Training models
Our repository makes it incredibly easy to take existing CSV file(s) and train a model to forecast on them. We have some basic tutorials below with more extensive documentation underneath.
We take inspiration from AllenNLP and use JSON configuration files to effectively track experiments. To get started define a configuration file in the following format:
{
"model_name": string,
"model_type": string
"model_params": {
""
},
"dataset_params":
{. "type": string
"training_path": list
"validation_path": list
"test_path": list
"batch_size":integer,
"forecast_history":integer,
"forecast_length":integer
},
"training_params":
{
"criterion":string
"optimizer": string
"optim_params":{
"lr": number
"momentum": number
}
"epochs": integer
}
"GCS":{
"run_save_path": string,
"project_id": string,
"credential_path":string
}
"wandb": {
"name":string,
"tags":List[string]
}
}
Model parameters should include all necessary parameters to initialize your model for instance if your model init function is def __init__(self, hidden_layer_dim, encoder_layers)

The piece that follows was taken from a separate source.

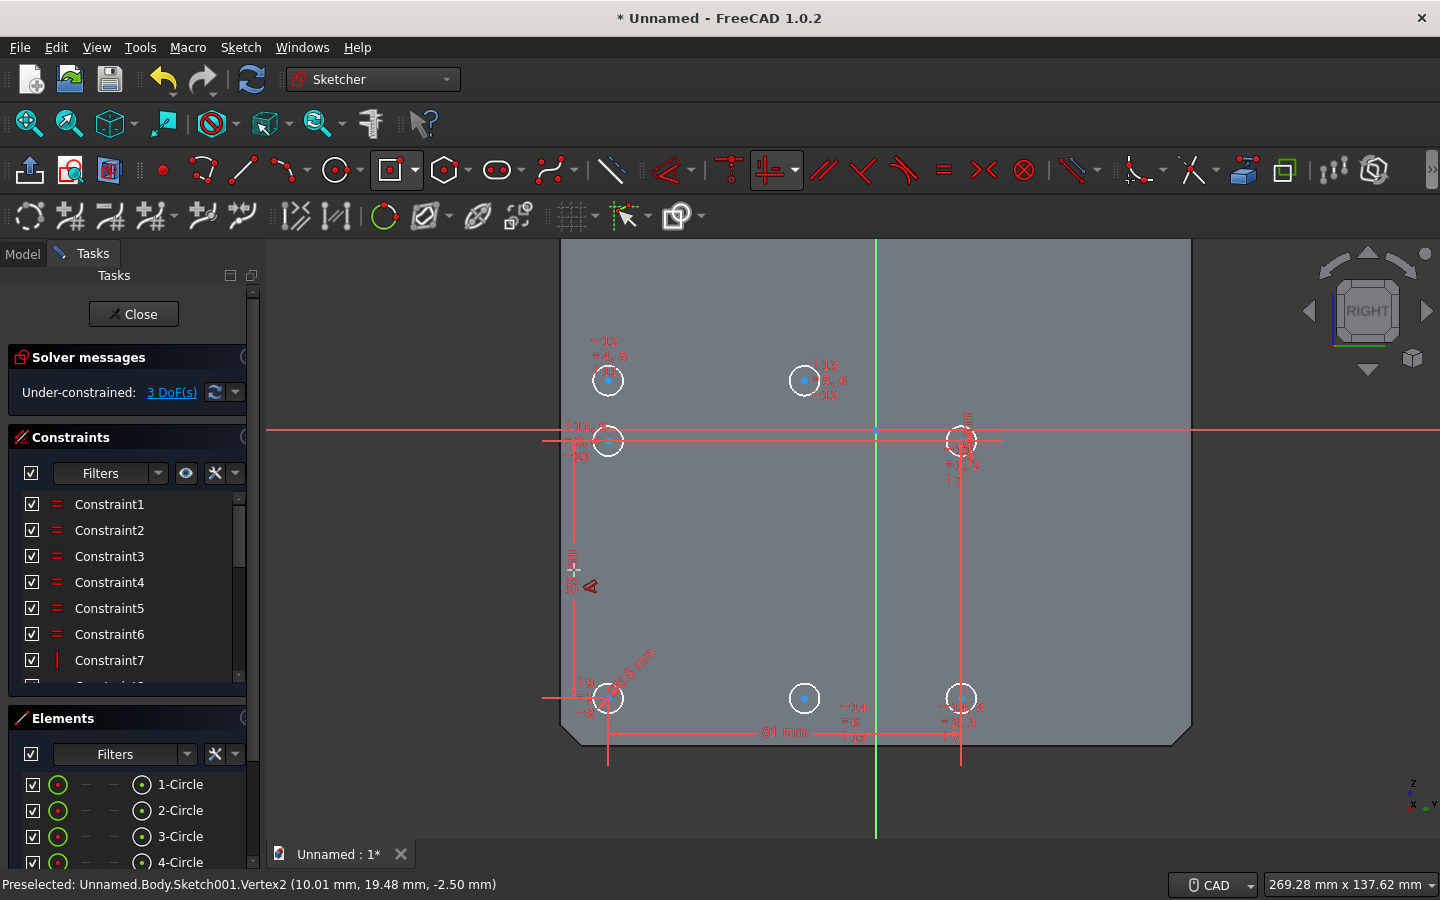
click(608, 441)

then your model_params would be
"model_params":
{
"hidden_layer_dim: integer
"encoder_layers": integer
}
Dataset parameters include things like batch size, file paths, and anything the data loader will need. Data params also allows you define a train_end
and a valid_start
parameters if all your data is in the same CSV file. We also support automated methods to interpolate data.
"dataset_params":
{ "class": "default",
"training_path": file_path,
"validation_path": file_path,
"test_path": file_path,
"batch_size":wandb_config["batch_size"],
"forecast_history":wandb_config["forecast_history"],
"forecast_length":wandb_config["out_seq_length"],
"train_end": int(train_number),
"valid_start":int(train_number+1),
"valid_end": int(validation_number),
"target_col": ["milk_price"],
"relevant_cols": ["milk_price", "gallons_produced"],
"scaler": "StandardScaler",
"interpolate": False
}
Forward Params In 99% of cases this will simply be:
"forward_params":{
}
Inference Parameters
Optional parameters
- early_stopping
"early_stopping":{
"patience": 2
}
- sweep (either true or false). This must be set to true if you plan to use a Wandb sweep.
- wandb (either true or false). Set to false if you are planning on using a sweep. Only set to true if you are using Wandb without a sweep.